JLSteenwyk / ClipKIT

a multiple sequence alignment-trimming algorithm for accurate phylogenomic inference
https://jlsteenwyk.com/ClipKIT/
MIT License
61 stars 4 forks source link

Change to trimming behavior with gappyness threshold? #38

Closed chtsai0105 closed 1 year ago

chtsai0105 commented 1 year ago

Bug Summary

Not a bug actually. But I found the trimming behavior is different from the previous version.

In the previous version, using gappy or smart_gap mode trims sites that the gappyness above a threshold. But in the latest version it trims sites equal or above the threshold. Here are the codes I found before implementing the numpy acceleration: https://github.com/JLSteenwyk/ClipKIT/blob/7c0dee803c8fbf33edd1f018a56527b1da7ac268/clipkit/msa.py#L63-L64

However, in the latest version: https://github.com/JLSteenwyk/ClipKIT/blob/f4cb92a2c2248e21e3ecf161c1a1cd08152d4b16/clipkit/msa.py#L158-L159

Just want to confirm you're expecting this behavioral changes, since it will produce a slightly different results from the previous version.

Steps to Reproduce

from Bio.Align import MultipleSeqAlignment
from clipkit.msa import MSA
from clipkit.settings import DEFAULT_AA_GAP_CHARS

records = ["MG--A", "M-GTC"]
pep_msa = MultipleSeqAlignment([SeqRecord(Seq(rec)) for rec in records])
gaps = 0.5

clipkit_pep_msa = MSA.from_bio_msa(pep_msa, gap_chars=DEFAULT_AA_GAP_CHARS)
clipkit_pep_msa.trim(mode=TrimmingMode.gappy, gap_threshold=0.5)
print(clipkit_pep_msa.to_bio_msa())

The previous codes do not trim any of the sites and will get:

Alignment with 2 rows and 5 columns
MG--A <unknown description>
M-GTC <unknown description>

The current codes will trim the sites that gappyness == 0.5 and get:

Alignment with 2 rows and 2 columns
MA <unknown description>
MC <unknown description>

Technical Details

JLSteenwyk commented 1 year ago

Hi Cheng-Hung,

Thank you for your careful reading of ClipKIT. Attentive users like yourself help ensure ClipKIT performs well (and, in some cases, even better!).

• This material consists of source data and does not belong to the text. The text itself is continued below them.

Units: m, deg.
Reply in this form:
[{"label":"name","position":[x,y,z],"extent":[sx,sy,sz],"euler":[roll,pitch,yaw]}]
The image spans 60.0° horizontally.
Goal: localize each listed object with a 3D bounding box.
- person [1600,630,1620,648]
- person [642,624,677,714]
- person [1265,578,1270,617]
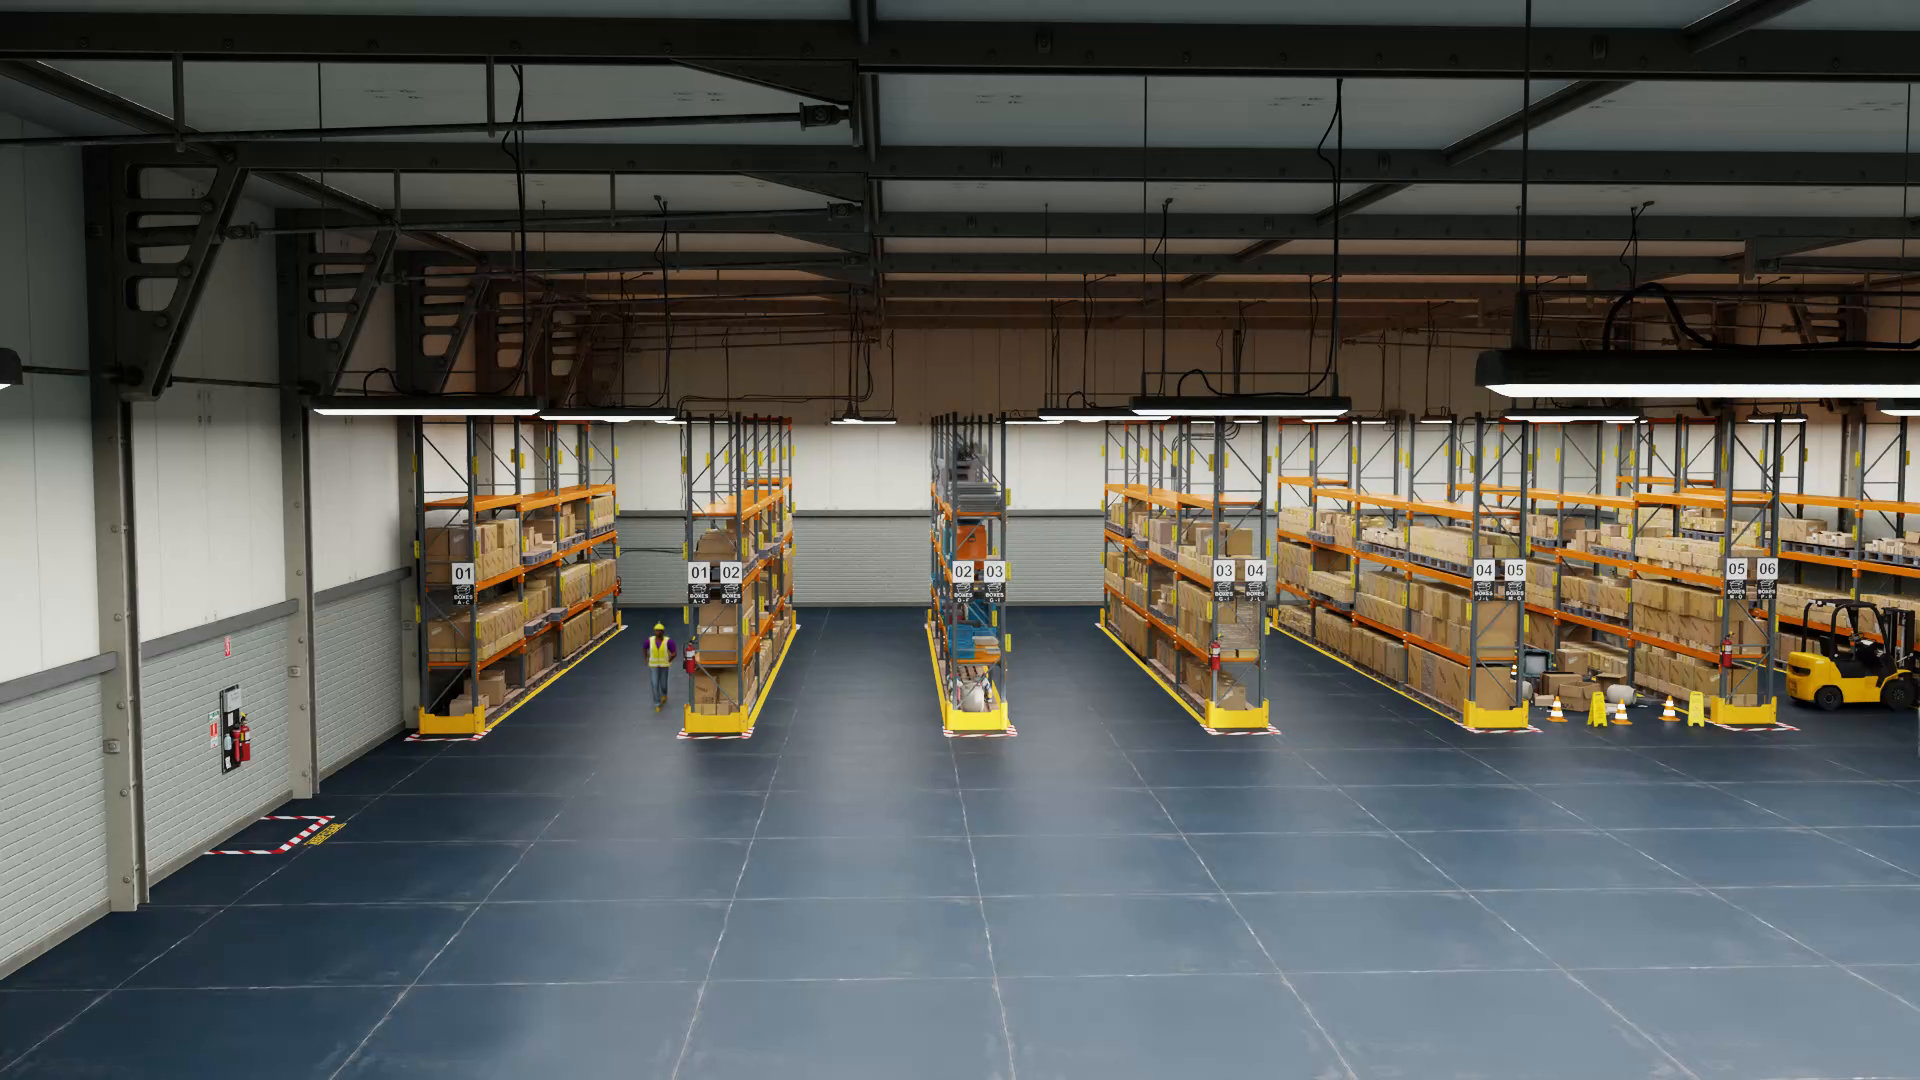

Regarding this, I will refer to the original manuscript — Steenwyk et al. (2020), Current Biology. Specifically, we note in the pseudocode for the execution clipkit <MSA> -g 0.95 that ClipKIT will do the following:

FOR site in alignment:
>IF site has <95% gaps
>>keep the site

Thus, sites with greater than or equal to the specified gaps threshold should be removed.

The code in commit 7c0dee8 was erroneous. This error stemmed from incorrectly implementing the Numpy acceleration. (Note, 7c0dee8 does implement the Numpy acceleration.)

As you mentioned in your comment, the error was later fixed, including in version 2.1.1.

Thank you again for your careful review of our code. We appreciate your insights.

best,

Jacob

chtsai0105 commented 1 year ago

Thank you! I'll update my tests file to reflect the changes.